_What to do_
Provide a verbatim copy of all the records below, leaving the images out.

_Study material_
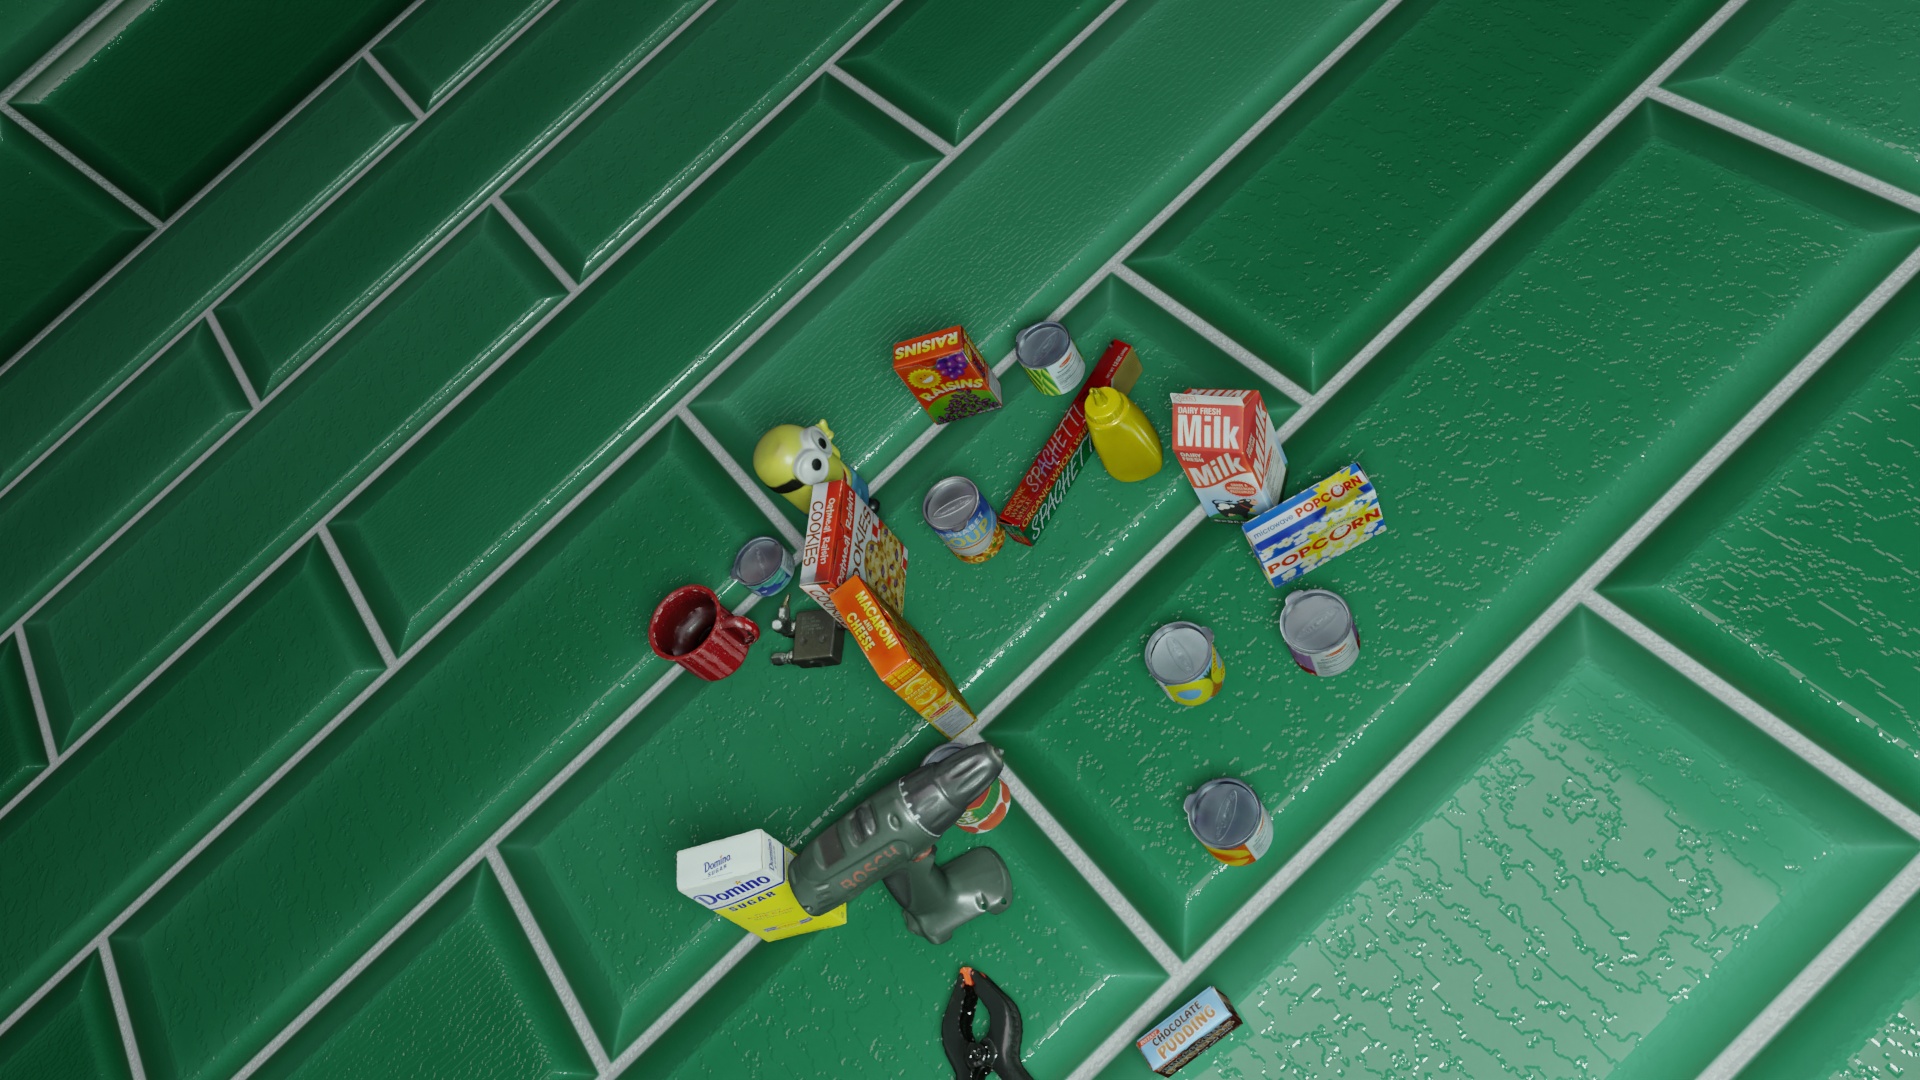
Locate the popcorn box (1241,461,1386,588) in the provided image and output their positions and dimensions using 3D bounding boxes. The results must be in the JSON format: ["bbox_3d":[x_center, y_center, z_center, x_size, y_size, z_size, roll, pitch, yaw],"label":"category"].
[{"bbox_3d":[0.343,-0.013,1.347,0.126,0.085,0.038,-30,54,7],"label":"popcorn box"}]

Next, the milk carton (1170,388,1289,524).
[{"bbox_3d":[0.264,-0.091,1.364,0.072,0.190,0.074,5,65,28],"label":"milk carton"}]

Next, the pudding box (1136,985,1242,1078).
[{"bbox_3d":[0.195,0.419,1.185,0.084,0.049,0.030,-37,53,2],"label":"pudding box"}]

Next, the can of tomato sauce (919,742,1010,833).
[{"bbox_3d":[0.004,0.245,1.358,0.071,0.083,0.071,-12,58,19],"label":"can of tomato sauce"}]

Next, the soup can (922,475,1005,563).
[{"bbox_3d":[0.005,-0.019,1.512,0.071,0.083,0.071,-12,58,19],"label":"soup can"}]

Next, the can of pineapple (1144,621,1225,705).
[{"bbox_3d":[0.220,0.119,1.345,0.071,0.057,0.071,-12,58,19],"label":"can of pineapple"}]

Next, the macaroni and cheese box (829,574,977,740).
[{"bbox_3d":[-0.056,0.119,1.408,0.040,0.166,0.124,-38,53,2],"label":"macaroni and cheese box"}]

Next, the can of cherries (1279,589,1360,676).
[{"bbox_3d":[0.338,0.085,1.308,0.071,0.058,0.072,-12,58,19],"label":"can of cherries"}]

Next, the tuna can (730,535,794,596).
[{"bbox_3d":[-0.231,0.032,1.626,0.071,0.032,0.071,-12,58,19],"label":"tuna can"}]

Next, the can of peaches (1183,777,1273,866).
[{"bbox_3d":[0.243,0.254,1.255,0.071,0.058,0.071,-12,58,19],"label":"can of peaches"}]

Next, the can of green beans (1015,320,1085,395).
[{"bbox_3d":[0.104,-0.208,1.592,0.071,0.057,0.071,-12,58,19],"label":"can of green beans"}]

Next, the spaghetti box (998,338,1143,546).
[{"bbox_3d":[0.123,-0.107,1.529,0.029,0.050,0.250,23,74,34],"label":"spaghetti box"}]

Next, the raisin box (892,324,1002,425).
[{"bbox_3d":[-0.014,-0.188,1.595,0.086,0.123,0.040,-13,58,19],"label":"raisin box"}]

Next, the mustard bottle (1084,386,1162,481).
[{"bbox_3d":[0.164,-0.118,1.447,0.065,0.159,0.049,-17,56,16],"label":"mustard bottle"}]

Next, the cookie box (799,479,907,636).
[{"bbox_3d":[-0.110,0.028,1.486,0.040,0.167,0.123,-9,59,21],"label":"cookie box"}]

_Output of the exercise_
Locate the popcorn box (1241,461,1386,588) in the provided image and output their positions and dimensions using 3D bounding boxes. The results must be in the JSON format: ["bbox_3d":[x_center, y_center, z_center, x_size, y_size, z_size, roll, pitch, yaw],"label":"category"].
[{"bbox_3d":[0.343,-0.013,1.347,0.126,0.085,0.038,-30,54,7],"label":"popcorn box"}]

Next, the milk carton (1170,388,1289,524).
[{"bbox_3d":[0.264,-0.091,1.364,0.072,0.190,0.074,5,65,28],"label":"milk carton"}]

Next, the pudding box (1136,985,1242,1078).
[{"bbox_3d":[0.195,0.419,1.185,0.084,0.049,0.030,-37,53,2],"label":"pudding box"}]

Next, the can of tomato sauce (919,742,1010,833).
[{"bbox_3d":[0.004,0.245,1.358,0.071,0.083,0.071,-12,58,19],"label":"can of tomato sauce"}]

Next, the soup can (922,475,1005,563).
[{"bbox_3d":[0.005,-0.019,1.512,0.071,0.083,0.071,-12,58,19],"label":"soup can"}]

Next, the can of pineapple (1144,621,1225,705).
[{"bbox_3d":[0.220,0.119,1.345,0.071,0.057,0.071,-12,58,19],"label":"can of pineapple"}]

Next, the macaroni and cheese box (829,574,977,740).
[{"bbox_3d":[-0.056,0.119,1.408,0.040,0.166,0.124,-38,53,2],"label":"macaroni and cheese box"}]

Next, the can of cherries (1279,589,1360,676).
[{"bbox_3d":[0.338,0.085,1.308,0.071,0.058,0.072,-12,58,19],"label":"can of cherries"}]

Next, the tuna can (730,535,794,596).
[{"bbox_3d":[-0.231,0.032,1.626,0.071,0.032,0.071,-12,58,19],"label":"tuna can"}]

Next, the can of peaches (1183,777,1273,866).
[{"bbox_3d":[0.243,0.254,1.255,0.071,0.058,0.071,-12,58,19],"label":"can of peaches"}]

Next, the can of green beans (1015,320,1085,395).
[{"bbox_3d":[0.104,-0.208,1.592,0.071,0.057,0.071,-12,58,19],"label":"can of green beans"}]

Next, the spaghetti box (998,338,1143,546).
[{"bbox_3d":[0.123,-0.107,1.529,0.029,0.050,0.250,23,74,34],"label":"spaghetti box"}]

Next, the raisin box (892,324,1002,425).
[{"bbox_3d":[-0.014,-0.188,1.595,0.086,0.123,0.040,-13,58,19],"label":"raisin box"}]

Next, the mustard bottle (1084,386,1162,481).
[{"bbox_3d":[0.164,-0.118,1.447,0.065,0.159,0.049,-17,56,16],"label":"mustard bottle"}]

Next, the cookie box (799,479,907,636).
[{"bbox_3d":[-0.110,0.028,1.486,0.040,0.167,0.123,-9,59,21],"label":"cookie box"}]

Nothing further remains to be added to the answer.